As time goes on my hair on my head seems to be moving backwards, and down my back!
Only option for hair on the head is to go short so tend to go grade 2 all over.
What do you 'gorillas' do for the rest of you - im not vain enough to wax and probably couldnt hack the pain.
Ive trimmed my body hair before but boy does it itch!!
Any one else in the same boat, or should I just head off into the silver mist by myself!


----------



## james_death (Aug 9, 2010)

Do you really want rid? Cant help there, however if its just to break the hair down the back of the neck just take a razor to it and shave to just below your neck line.

At first i though the post might have been about shaving down below....:lol:


----------



## Kimo (Jun 7, 2013)

Yup I have a hairy as **** back

Really ****es me off as I feel dirty but don't feel gay enough to go for a wax just yet lol


----------



## dendass (Feb 11, 2015)

james_death said:


> Do you really want rid?
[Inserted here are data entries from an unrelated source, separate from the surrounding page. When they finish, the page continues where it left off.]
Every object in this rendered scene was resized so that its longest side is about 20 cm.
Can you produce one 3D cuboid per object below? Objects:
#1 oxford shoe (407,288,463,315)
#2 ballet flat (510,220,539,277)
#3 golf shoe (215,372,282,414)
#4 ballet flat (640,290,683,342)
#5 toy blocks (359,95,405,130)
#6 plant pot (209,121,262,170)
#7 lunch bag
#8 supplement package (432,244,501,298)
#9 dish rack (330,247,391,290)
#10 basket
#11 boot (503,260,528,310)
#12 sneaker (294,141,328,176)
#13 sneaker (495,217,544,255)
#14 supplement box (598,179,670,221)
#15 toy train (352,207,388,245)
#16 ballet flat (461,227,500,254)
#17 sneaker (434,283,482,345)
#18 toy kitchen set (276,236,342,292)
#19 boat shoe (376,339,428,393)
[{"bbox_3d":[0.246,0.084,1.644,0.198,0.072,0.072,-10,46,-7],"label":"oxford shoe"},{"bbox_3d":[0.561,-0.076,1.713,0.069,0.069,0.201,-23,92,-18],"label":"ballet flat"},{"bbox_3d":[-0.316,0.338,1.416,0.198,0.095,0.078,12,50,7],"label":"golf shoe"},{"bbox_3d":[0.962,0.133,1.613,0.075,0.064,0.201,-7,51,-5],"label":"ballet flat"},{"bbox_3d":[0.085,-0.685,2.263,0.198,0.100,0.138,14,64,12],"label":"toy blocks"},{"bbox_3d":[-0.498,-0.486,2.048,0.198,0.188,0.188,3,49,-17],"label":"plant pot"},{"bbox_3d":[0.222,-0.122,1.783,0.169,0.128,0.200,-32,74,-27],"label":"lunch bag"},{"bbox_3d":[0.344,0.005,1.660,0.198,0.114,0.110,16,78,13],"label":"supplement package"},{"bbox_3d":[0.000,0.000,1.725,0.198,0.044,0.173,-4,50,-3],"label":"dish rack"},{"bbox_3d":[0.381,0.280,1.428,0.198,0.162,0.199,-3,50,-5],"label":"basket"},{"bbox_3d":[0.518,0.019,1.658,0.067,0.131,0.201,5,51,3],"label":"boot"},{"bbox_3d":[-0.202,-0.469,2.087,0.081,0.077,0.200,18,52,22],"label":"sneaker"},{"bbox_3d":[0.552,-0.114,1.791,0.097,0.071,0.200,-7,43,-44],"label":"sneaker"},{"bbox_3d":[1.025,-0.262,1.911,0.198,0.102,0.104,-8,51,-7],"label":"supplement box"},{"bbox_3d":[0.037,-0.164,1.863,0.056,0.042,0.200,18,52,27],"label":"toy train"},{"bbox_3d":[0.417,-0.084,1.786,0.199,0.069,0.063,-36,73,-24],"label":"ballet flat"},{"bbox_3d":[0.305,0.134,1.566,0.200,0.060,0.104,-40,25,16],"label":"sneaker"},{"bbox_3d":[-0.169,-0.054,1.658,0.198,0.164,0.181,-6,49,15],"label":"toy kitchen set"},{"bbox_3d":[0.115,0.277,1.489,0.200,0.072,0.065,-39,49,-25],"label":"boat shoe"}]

Cant help there, however if its just to break the hair down the back of the neck just take a razor to it and shave to just below your neck line.
> 
> At first i though the post might have been about shaving down below....:lol:


Not THAT low!!!

I don't think I'm going bald - in fact if I had a backwards face lift I would have a decent crop of hair on my head!:lol:


----------



## dendass (Feb 11, 2015)

Kimo said:


> Yup I have a hairy as **** back
> 
> Really ****es me off as I feel dirty but don't feel gay enough to go for a wax just yet lol


I'm run a set of clippers over it and it's not to bad - although feels funny with a tshirt on!
Clippers the chest hair before - with a number 5 or something but it's the most horrendous scratchy itchy feeling!!!


----------



## Juke_Fan (Jul 12, 2014)

I suffer the same! Have used a hair trimmer on my chest/stomach a couple of times and boy does it itch.

Just put up with it now. Have you tried hair removal cream


----------



## N16k_W (May 12, 2013)

Just get your back waxed. I get mine done every 6 weeks or so. I was really selfconcious about going at first but loads of guys get it done. I don't find it at all painful but the girls that do it say most guys find it a bit painful so just be warned. It gives me more confidence when going swimming or getting changed at the gym.
Only thing I'm not to keen on is with me being so hairy it looks a little odd as the hair on my shoulders and sides just starts at a straight line but I can live with that


----------



## slim_boy_fat (Jun 23, 2006)

Sorry, couldn't resist


----------



## 20vKarlos (Aug 8, 2009)

I get the number 2 on my Wahl Trimmer and trim everywhere apart from my Pitts!

I've had a full waxing session from the trouser line at the front, to the trouser line at the back! It hurts! It Fudging hurts in fact! I'd never have that done again! 
HOWEVER, I would have my ass crack done regularly if I can find my nuts to do it again, as it's so much my cleaner and a lot less itchy. :lol:


----------



## Kimo (Jun 7, 2013)

Problem with shaving a back is it grows straight back again


----------



## Hufty (Apr 27, 2015)

I've heard those Gillette women's intuition razors are great for removing chest and presumably back hair. It's the one with a bar of soap built in. 

Confession time as a younger man I used to suffer with excessive sweating of the Pitts in summer in a cotton shirt, happened to shave my pitts with clippers once before going on hols and never looked back since. Those fraulines don't know what they are missing !


----------